I feel your pain! Over the last 5 weeks of surf fishing (getting out at least 2-3 times per week) I have caught 9 catfish, 1 blue fish, and 1 large cownose ray. I've been skunked so many times I can't keep count. Anybody know if this is normal for this time of the year? I keep hearing about how the pompano, reds, whiting, and trout are all supposed to be out in crazy numbers right now, but I haven't seen a single one.


----------



## darsinika (Apr 18, 2010)

i agree this year i keep waiting for the bite but, i got 1 pompano thursday in that se wind. my freezer is usually full by now and i would be giving pounds of fish to my neighbors. i have been in the INSHORE reports and the specks ,reds and white trout are in the river a plenty, i am still hoping for more cold weather to cool those rivers down and that should run the fish due south.


----------



## devinsdad (Mar 31, 2010)

Weather and water is just too warm. I was thinking about going tomorrow morning but IMO it wont be worth it. 2nd winter now in a row with unusually warm weather.
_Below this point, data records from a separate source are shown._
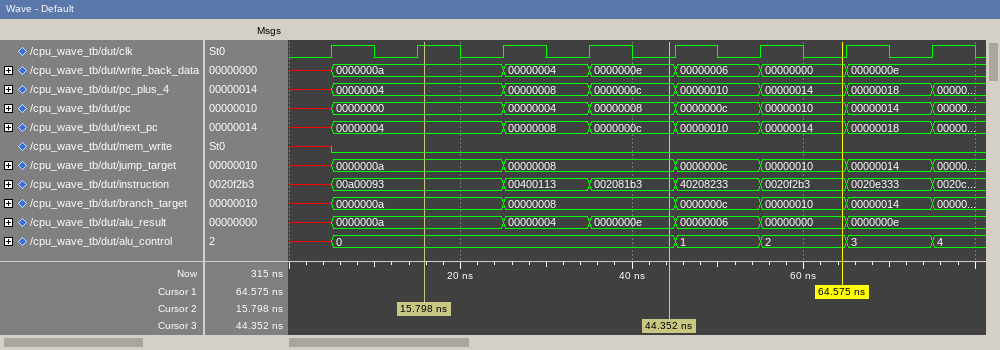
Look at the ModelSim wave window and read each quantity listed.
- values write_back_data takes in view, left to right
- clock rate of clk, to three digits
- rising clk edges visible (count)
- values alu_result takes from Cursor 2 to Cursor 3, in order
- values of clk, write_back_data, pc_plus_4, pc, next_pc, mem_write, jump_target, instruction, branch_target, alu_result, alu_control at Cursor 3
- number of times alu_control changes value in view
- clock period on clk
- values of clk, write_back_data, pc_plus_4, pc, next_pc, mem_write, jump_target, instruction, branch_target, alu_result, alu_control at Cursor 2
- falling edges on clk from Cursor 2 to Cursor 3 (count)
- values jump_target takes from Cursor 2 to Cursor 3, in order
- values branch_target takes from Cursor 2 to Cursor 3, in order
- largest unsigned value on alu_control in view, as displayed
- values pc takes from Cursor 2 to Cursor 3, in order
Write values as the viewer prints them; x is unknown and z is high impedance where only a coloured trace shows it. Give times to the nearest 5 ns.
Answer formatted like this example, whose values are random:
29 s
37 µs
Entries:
x, 0000000a, 00000004, 0000000e, 00000006, 00000000, 0000000e
100 MHz
8
0000000a, 00000004, 0000000e
clk=0, write_back_data=0000000e, pc_plus_4=0000000c, pc=00000008, next_pc=0000000c, mem_write=0, jump_target=00000008, instruction=002081b3, branch_target=00000008, alu_result=0000000e, alu_control=0
5
10 ns
clk=1, write_back_data=0000000a, pc_plus_4=00000004, pc=00000000, next_pc=00000004, mem_write=0, jump_target=0000000a, instruction=00a00093, branch_target=0000000a, alu_result=0000000a, alu_control=0
3
0000000a, 00000008
0000000a, 00000008
4
00000000, 00000004, 00000008
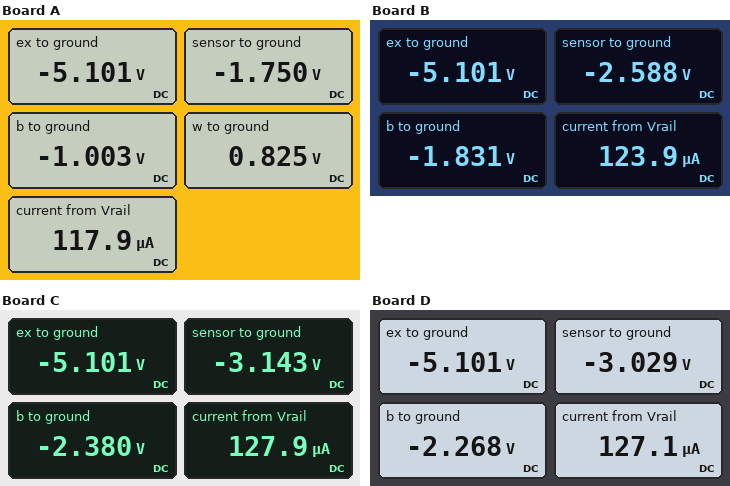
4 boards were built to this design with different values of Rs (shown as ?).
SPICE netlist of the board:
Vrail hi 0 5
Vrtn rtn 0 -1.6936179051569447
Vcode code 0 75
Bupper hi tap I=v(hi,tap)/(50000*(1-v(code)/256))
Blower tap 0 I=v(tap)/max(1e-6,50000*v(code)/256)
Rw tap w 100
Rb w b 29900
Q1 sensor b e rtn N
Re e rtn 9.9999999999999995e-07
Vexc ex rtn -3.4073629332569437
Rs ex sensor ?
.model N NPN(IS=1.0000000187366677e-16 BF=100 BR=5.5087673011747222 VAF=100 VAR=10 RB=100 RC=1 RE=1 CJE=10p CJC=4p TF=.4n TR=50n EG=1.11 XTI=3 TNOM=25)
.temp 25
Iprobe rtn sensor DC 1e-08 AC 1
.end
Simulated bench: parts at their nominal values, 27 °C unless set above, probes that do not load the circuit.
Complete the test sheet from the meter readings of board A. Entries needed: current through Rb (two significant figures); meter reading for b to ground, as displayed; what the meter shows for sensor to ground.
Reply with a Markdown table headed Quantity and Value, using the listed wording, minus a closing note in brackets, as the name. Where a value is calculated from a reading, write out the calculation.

| Quantity | Value |
|---|---|
| current through Rb | (825 mV - (-1.003 V)) / 29.9 kΩ = 61 µA |
| meter reading for b to ground, as displayed | -1.003 V |
| what the meter shows for sensor to ground | -1.750 V |
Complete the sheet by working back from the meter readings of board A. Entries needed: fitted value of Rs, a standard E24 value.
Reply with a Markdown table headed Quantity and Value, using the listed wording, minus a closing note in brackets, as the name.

| Quantity | Value |
|---|---|
| fitted value of Rs, a standard E24 value | 10 kΩ |
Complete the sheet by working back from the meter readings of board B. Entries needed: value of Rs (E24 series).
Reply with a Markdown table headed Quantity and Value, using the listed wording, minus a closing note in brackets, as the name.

| Quantity | Value |
|---|---|
| value of Rs | 4.7 kΩ |
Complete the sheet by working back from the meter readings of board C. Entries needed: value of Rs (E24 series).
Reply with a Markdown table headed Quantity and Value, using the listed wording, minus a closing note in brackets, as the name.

| Quantity | Value |
|---|---|
| value of Rs | 3 kΩ |
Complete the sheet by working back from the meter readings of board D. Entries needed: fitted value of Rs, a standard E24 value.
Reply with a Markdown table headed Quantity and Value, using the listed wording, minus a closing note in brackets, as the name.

| Quantity | Value |
|---|---|
| fitted value of Rs, a standard E24 value | 3.3 kΩ |
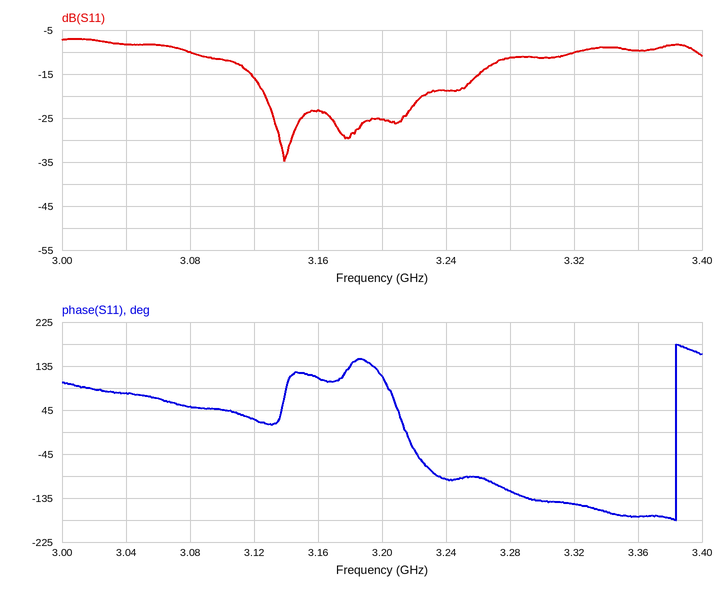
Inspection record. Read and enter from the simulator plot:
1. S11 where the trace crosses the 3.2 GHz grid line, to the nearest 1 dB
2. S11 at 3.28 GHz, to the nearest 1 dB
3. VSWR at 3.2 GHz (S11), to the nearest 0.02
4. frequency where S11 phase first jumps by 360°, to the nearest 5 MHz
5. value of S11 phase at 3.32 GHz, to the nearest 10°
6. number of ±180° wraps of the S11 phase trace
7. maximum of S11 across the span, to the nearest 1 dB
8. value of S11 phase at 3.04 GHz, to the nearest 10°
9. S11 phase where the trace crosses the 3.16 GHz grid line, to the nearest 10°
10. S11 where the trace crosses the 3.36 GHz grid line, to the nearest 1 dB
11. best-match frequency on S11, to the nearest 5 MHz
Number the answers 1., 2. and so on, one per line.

Supposed to get some cold weather early next week so lets see what happens.


----------



## LUPilot (Apr 10, 2012)

This is my first fall/winter in Florida. How is the fishing once it cools down? What's typically running? And how "cold" does the weather really need to be before we start seeing fish again?


----------



## rufus1138 (Oct 29, 2012)

the fish are at the bridges guys. white trout blues reds and sheephead, just gotta get out into the deep water.


----------



## mfbt (Apr 5, 2012)

well im down to fish any thursday or sunday, you guys just let me know, ill meet up with ya and hopefully we can put our heads together and catch some dang fish.


----------



## rufus1138 (Oct 29, 2012)

im supposed to be in a boat on 3mb saturday afternoon


----------



## DAWGONIT (Jan 16, 2009)

+1 on the warm weather phenom, for now anyway.
My Dad would always say, "wait a while, it will change."


----------



## bigassredfish (Apr 3, 2011)

Its been off and on for me... been going to Pickens twice a week for the past 3 weeks. The first time got 4 blues, the second time got 3 bull reds...then nothing.... I just recently got another red out there. Still had 4-5 trips with no luck at all. The time that I got 3 reds it was COLD! Going to head out again next week and see what I can get...


----------



## sniperpeeps (Mar 5, 2011)

ADMIN* said:


> dunno if its because of the warmer weather but don't even waste your time on the surf.
> 
> its gotta be due to either overfishing or perhaps the oil spill. because i have friends up and down the southeast coasts who are tearing up the fish on the surf.



Don't know where y'all have been fishing but the pompano and whiting bite in Navarre has been very good for the past couple weeks......


----------